I appreciated your comment which clearly shows,
In my view that this is not a battle between gun owners
and non gun owners, but the rational and the irrational;
the responsible and the reckless.

I believe there is good culture and bad gun culture. Good
Gun culture is a culture that respects life and safeguards
Life. Bad gun culture has little regard to the sanctity of
Life and recklessness is its trademark. Only 7% of gun owners
Are members of the NRA and many in this group do not regard
The NRA as their representative.

As such, we can breakdown artificial barriors and galvanize
On a spiritual platform as the primary sphere of interaction. Trying to
Establish effective laws in a culture that has not first elevated itself spirituality
Around the sanctity of life, is like scattering seeds in a parched desert. Sure, you can get
one or two crops to grow but that's it. The issue of firearms in the United States is essentially
Social problem. The garden we seek to plant will take root when the people come together
For that moral spiritual conversation.

Part of that spiritual work is recognizing our shared humanity and not
Dehumanizing a person because they own guns; and not considering non
gun owners as unpatriotic. We need to clear the slate and come together as citizens
Seeking a more peaceful and civil society. This is the work of the organization
Global Coalition For Peace and Civility, I am slowly but surely founding together
With like minded colleagues. Feel free to keep the conversation alive.

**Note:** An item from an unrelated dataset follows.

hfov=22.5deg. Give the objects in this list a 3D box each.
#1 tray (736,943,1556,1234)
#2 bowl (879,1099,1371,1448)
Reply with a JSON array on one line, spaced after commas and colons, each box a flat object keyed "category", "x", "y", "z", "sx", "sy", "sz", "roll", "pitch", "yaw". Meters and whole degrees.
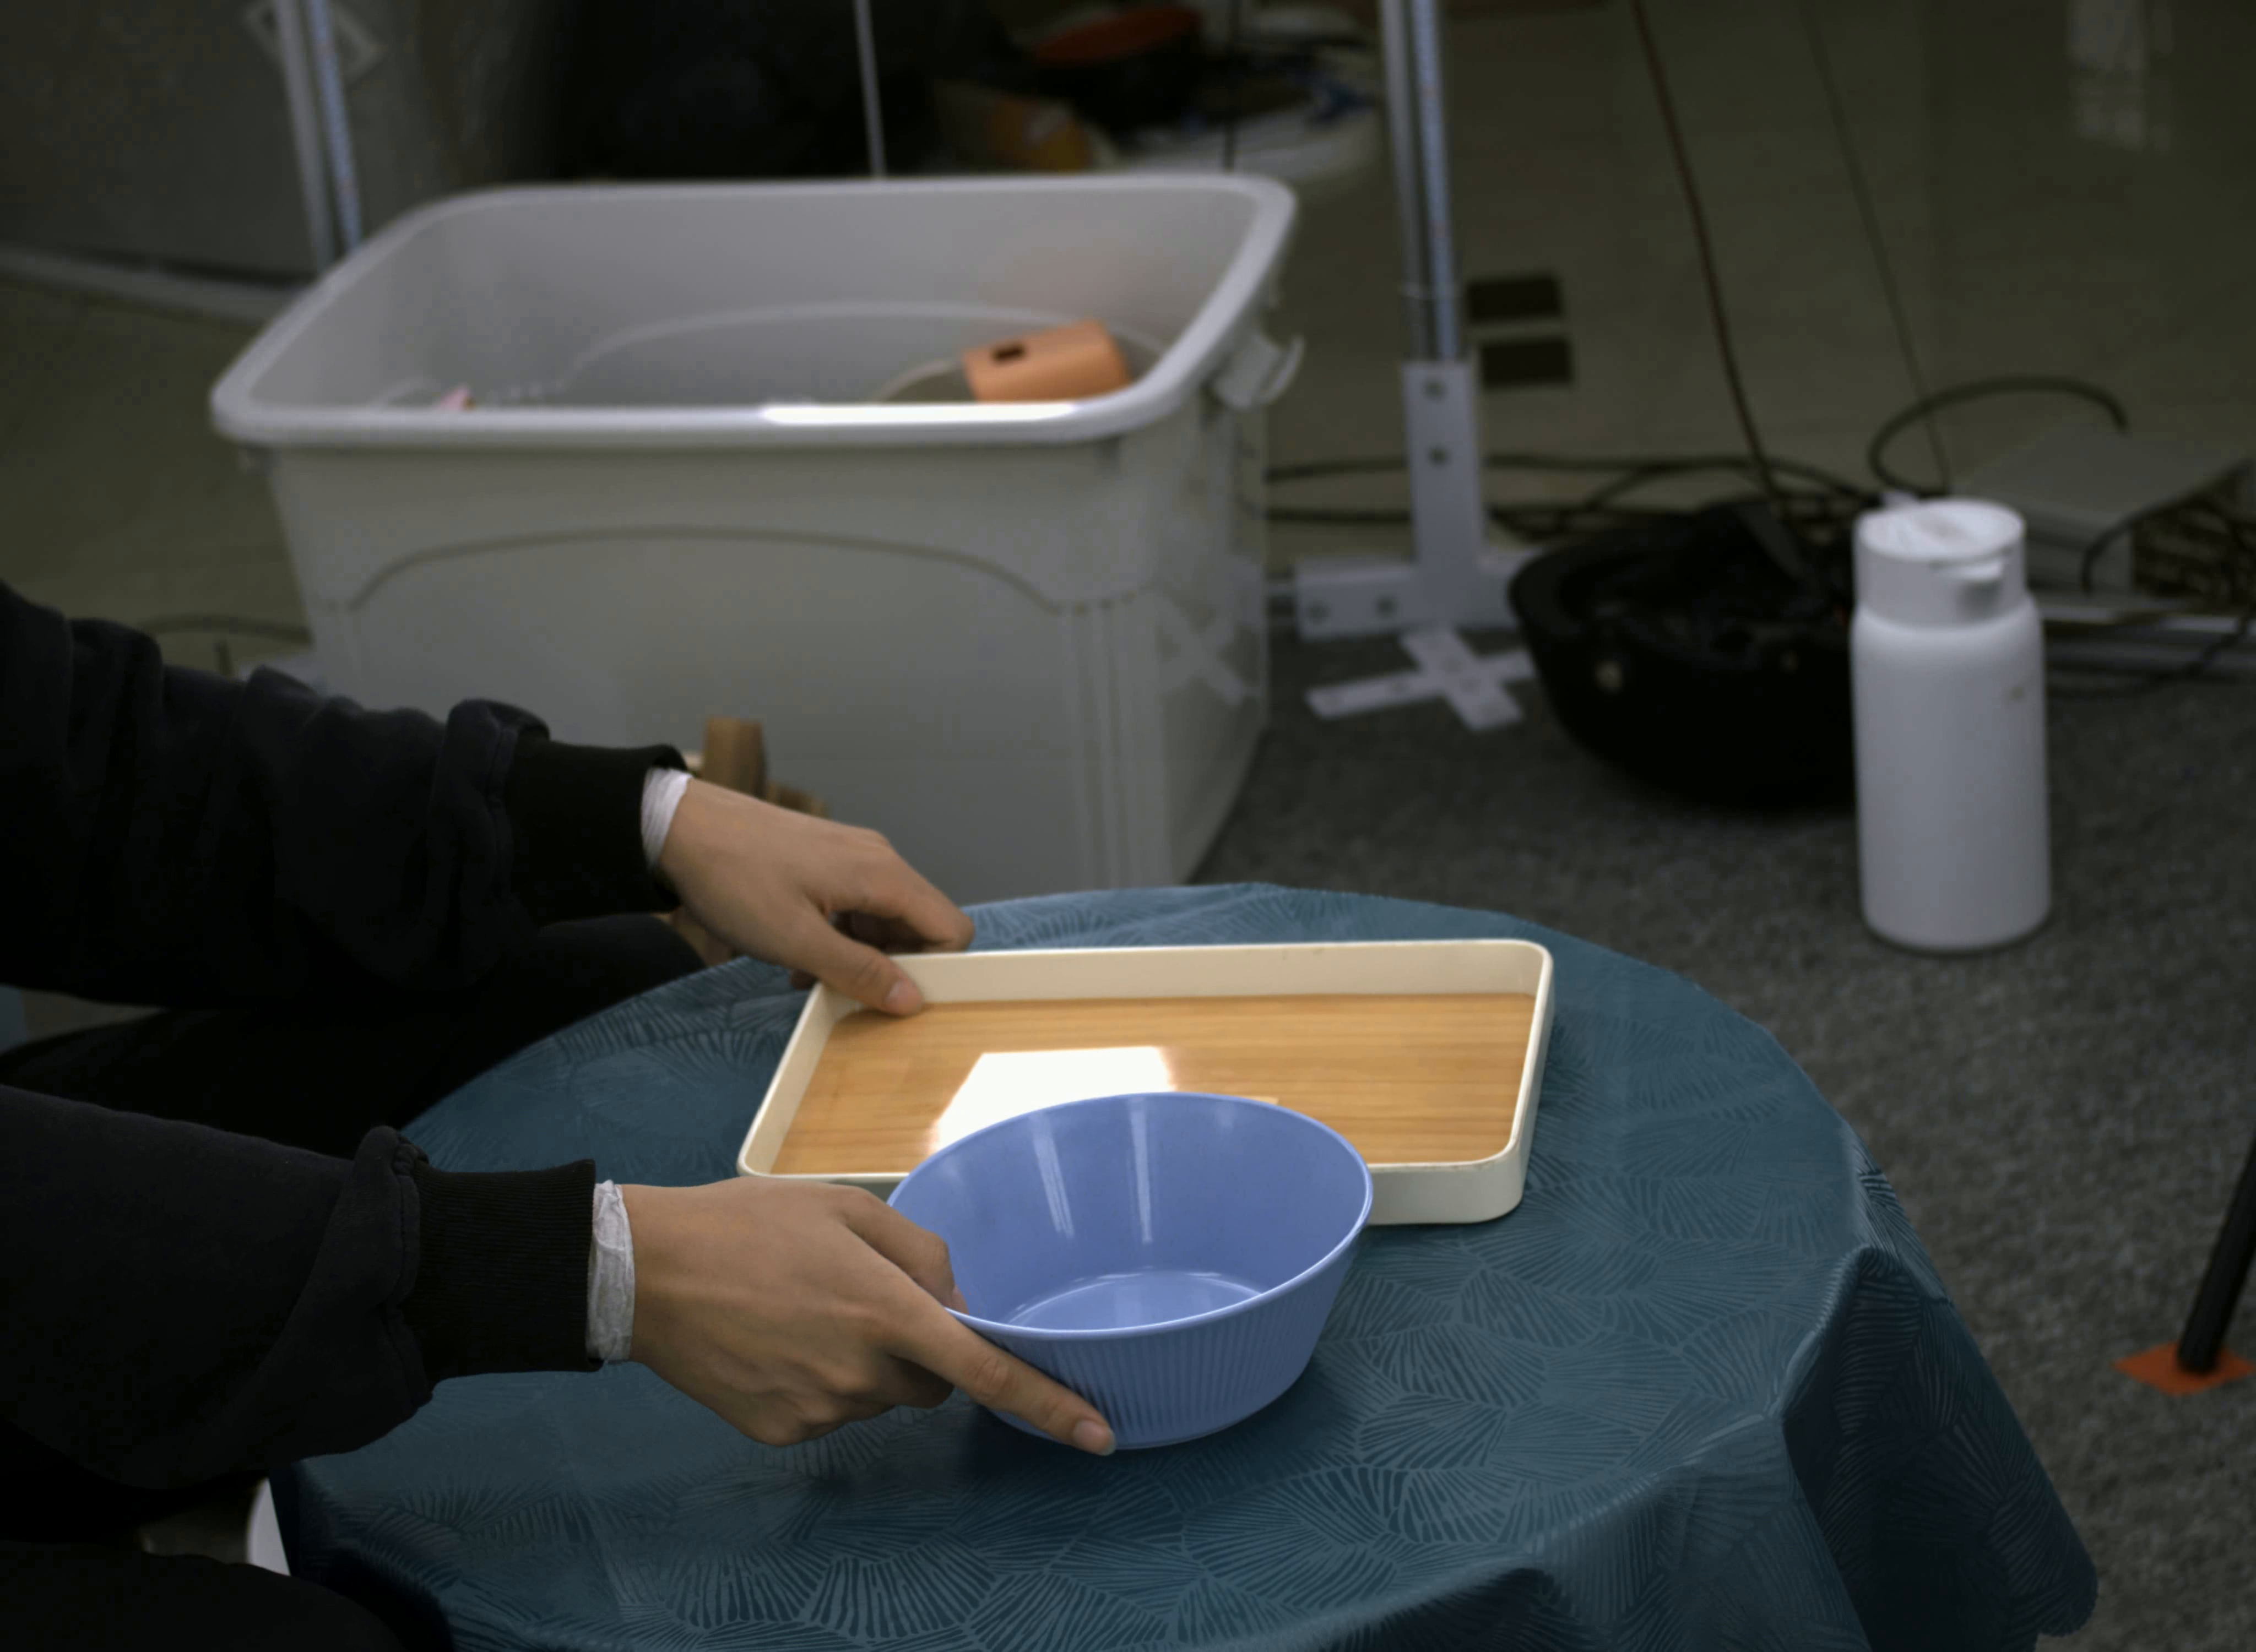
[{"category": "tray", "x": 0.011, "y": 0.101, "z": 2.200, "sx": 0.300, "sy": 0.028, "sz": 0.189, "roll": -1, "pitch": 25, "yaw": 10}, {"category": "bowl", "x": 0.002, "y": 0.164, "z": 2.013, "sx": 0.176, "sy": 0.071, "sz": 0.173, "roll": -5, "pitch": 24, "yaw": 2}]

Ethics and guns, strange bedfellows

I whole-heartedly endorse your sensible discussion here... and that's what is needed: a discussion and less rights' thumping. As someone who owns guns (they are a necessary tool where I lived in Wassaic on a farm with rabid racoons and here in NM with 1.5 million acres of wilderness abutting our property) and someone who has helped publish wonderful illustrated books on the history of firearms and manufacturers, I am nonetheless struck by the faith-based firearm belief. "Faith" in this context is not about God or a chosen religion, but the extension of one's sense of identity linked to guns. Some time ago I found a way to have this conversation with dyed-in-the-wool gun owners: "Do you have a favorite gun?" I would ask. If they respond, "Depends what for." then you know the person is rational. If they respond with passionate identification with a particular gun, the warning bells ring. Then ask, "What do you use it for?" If they have no definite answer, that's worrying as it indicates an emotional not logical attachment. If they respond, "For personal safety." It indicates an emotional need (protection, and so on). That is not to say they are wrong, but in having a useful discussion, it is sometimes useful to know who you are talking to and what their stance is. As for the NRA, it is simple. 95% of their funding comes from the gun manufacturers, NOT owners. They hide under the guise of representing owners but are, in fact, the shill for the manufacturers.